Forum Discussion

Level 5

10 years ago

Oracle Backup Intermittent Status 41s

I have been investigating an intermittent issue with one of our Oracle clients over the last month or so, but unfortunately Symantec support have advised that they cannot find the cause and have recommended a rebuild of one of my master server nodes (v7.6.0.2). Although it's a long shot, I thought I would post here first just in case anyone has seen a similar issue before or has any other suggestions, as a rebuild is a last resort for us due to the amount of VCS / VVR / NBU configuration required. Logs from the master and media servers (bpbrm / bptm) and the client (bphdb / dbclient) have been provided multiple times but no cause has been found.

Database backup jobs for one particular Oracle client (Solaris 10 / Oracle 11.2.0.3) are intermittently failing with a status 41. However, the interesting thing is that we are backing up with 4 concurrent channels and only one of them fails - and when it fails, the other three continue with no problems and other child jobs continue to appear and complete until the end of the backup. The failed child job runs for around 30 minutes before actually failing without writing any data, which I assume is a timeout (client read?):

24/03/2015 21:42:10 - begin writing
24/03/2015 21:42:10 - Info bptm(pid=7896) backup child process is pid 7520.6964
24/03/2015 21:42:10 - Info bptm(pid=7520) start
24/03/2015 22:12:21 - Info dbclient(pid=23383) done. status: 41: network connection timed out
24/03/2015 22:12:21 - end writing; write time: 0:30:11
network connection timed out(41)

The issue is only affecting Oracle backups on this client (filesystem backups are fine) and we have many other Oracle backup clients that are not affected (as well as hundreds of other backup clients that experience no problems). One thing that we did find is that the issue only occurs on one particular node of our master server cluster, but as far as I can tell the configuration is the same between nodes. Running the backups at different times (including in hours) has also seen the problem intermittently occur.

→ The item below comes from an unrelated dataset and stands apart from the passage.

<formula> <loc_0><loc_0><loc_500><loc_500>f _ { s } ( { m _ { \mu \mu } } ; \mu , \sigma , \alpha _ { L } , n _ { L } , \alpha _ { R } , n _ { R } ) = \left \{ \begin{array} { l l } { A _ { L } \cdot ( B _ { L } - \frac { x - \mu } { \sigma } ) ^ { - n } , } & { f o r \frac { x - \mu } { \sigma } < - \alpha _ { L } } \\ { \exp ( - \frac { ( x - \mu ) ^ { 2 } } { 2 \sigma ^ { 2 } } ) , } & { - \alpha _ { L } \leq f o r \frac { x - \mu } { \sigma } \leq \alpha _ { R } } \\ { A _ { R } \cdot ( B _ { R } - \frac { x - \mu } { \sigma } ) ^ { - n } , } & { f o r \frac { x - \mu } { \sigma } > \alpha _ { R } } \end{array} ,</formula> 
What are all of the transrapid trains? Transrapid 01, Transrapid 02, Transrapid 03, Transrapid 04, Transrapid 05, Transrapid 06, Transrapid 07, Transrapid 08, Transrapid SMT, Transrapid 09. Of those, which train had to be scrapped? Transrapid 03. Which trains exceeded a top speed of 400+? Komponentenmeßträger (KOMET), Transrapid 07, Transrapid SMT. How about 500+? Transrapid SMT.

Our networks team have put a lot of time and effort into monitoring and checking the network but this does not seem to be the cause of the problem - which makes sense as all other child jobs for the same backup are not interrupted.

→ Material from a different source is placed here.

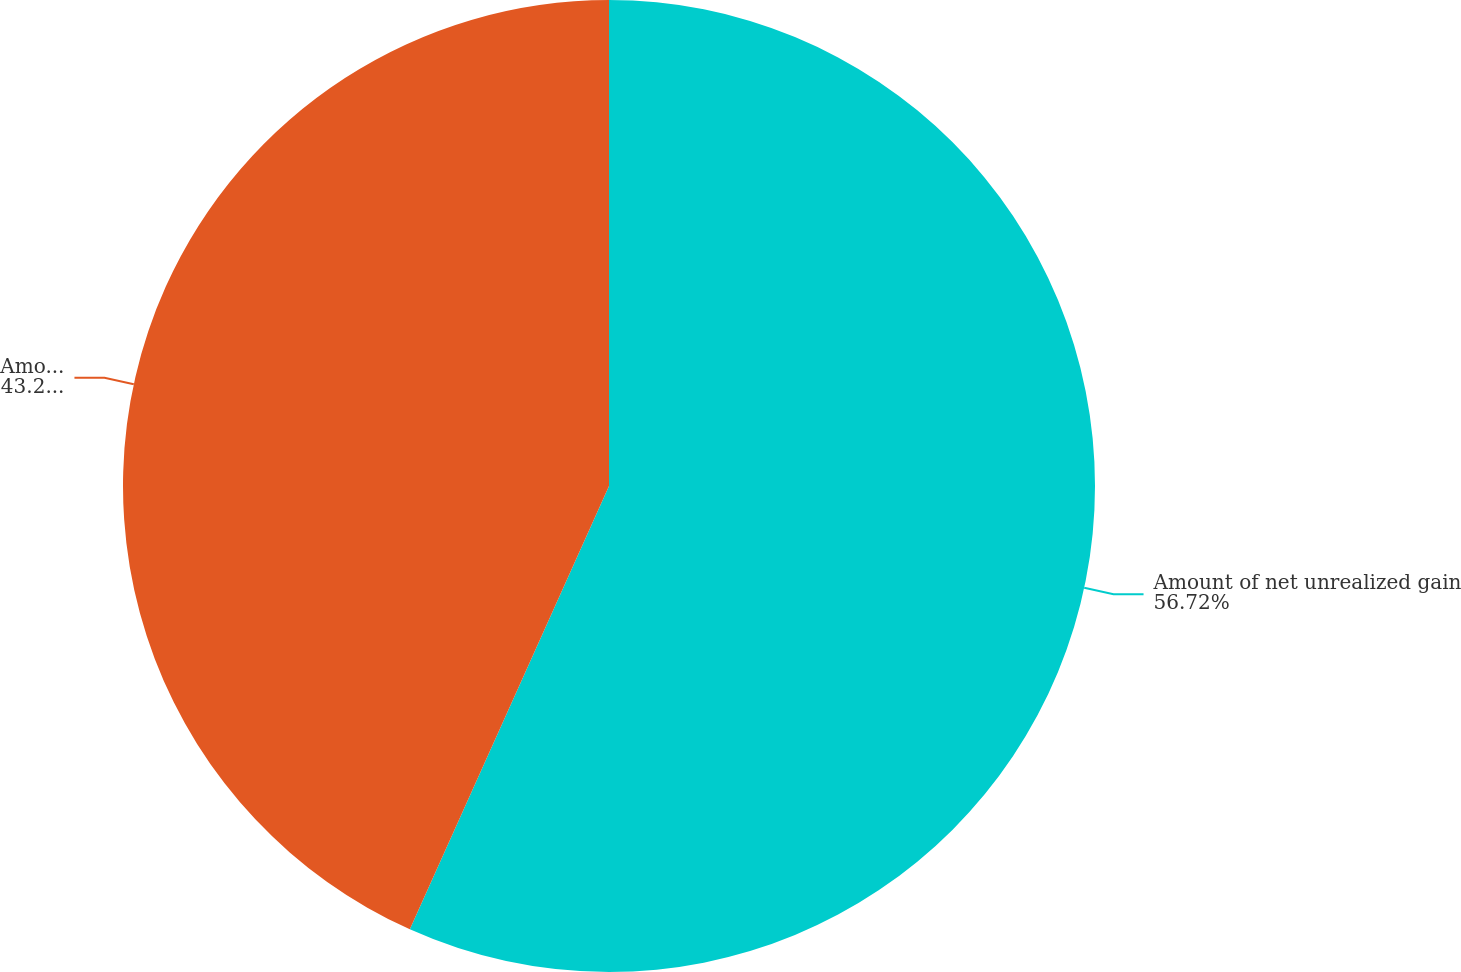Convert chart to OTSL. <chart><loc_0><loc_0><loc_500><loc_500><pie_chart><fcel>Amount of net unrealized gain<fcel>Amount of net losses<nl><fcel>56.72%<fcel>43.28%<nl></chart>

Our master servers are running on VMware 5.5, and we have even moved the affected master node to a completely different cluster / platform which has changed the underlying hardware and network. I have reinstalled VMware tools and configured a new vNIC (with a different MAC) as well. We have also tried different switch and NIC ports on the client.

Any suggestions would be appreciated.

Windows Server (2003-2008)

Marianne
10 years ago
If this is only happening with a specific master server node - has anyone had a look at bprd log on the master server?

If memory serves me right, bprd is expecting updates from the user_ops logs on the client.

Since dbclient is reporting the timeout, I would be interested in all entries for that particular PID: 23383.
What was the process trying to do at this point in time? And the previous entries for this PID?

About the one channel failing - is it with a particual db or random?
Shaun_Taylor
10 years ago
The client's backup interface was connected to a different switch and given a new IP address in a different VLAN. The most likely suggestion is that there was some sort of issue with the original switch as the issue was so inconsistent and nonsensical but we are unable to prove this for certain.

Thanks for everyone's help and input.

17 Replies

Replies have been turned off for this discussion

Nicolai
Moderator
10 years ago
Does this happe when the master server get vmotioned ?

What virtual NIC type do you use - best should be VMXNET 3
Marianne
Level 6
10 years ago
We see a Client Connect Timeout here. This looks like comms issue between media server and the client. Logs that I would like to see at this point are dbclient and bpcd on the client and bptm and bpbrm on the media server.
Michael_G_Ander
Level 6
10 years ago
Have you tried to lower the number of channels on the problematic client ?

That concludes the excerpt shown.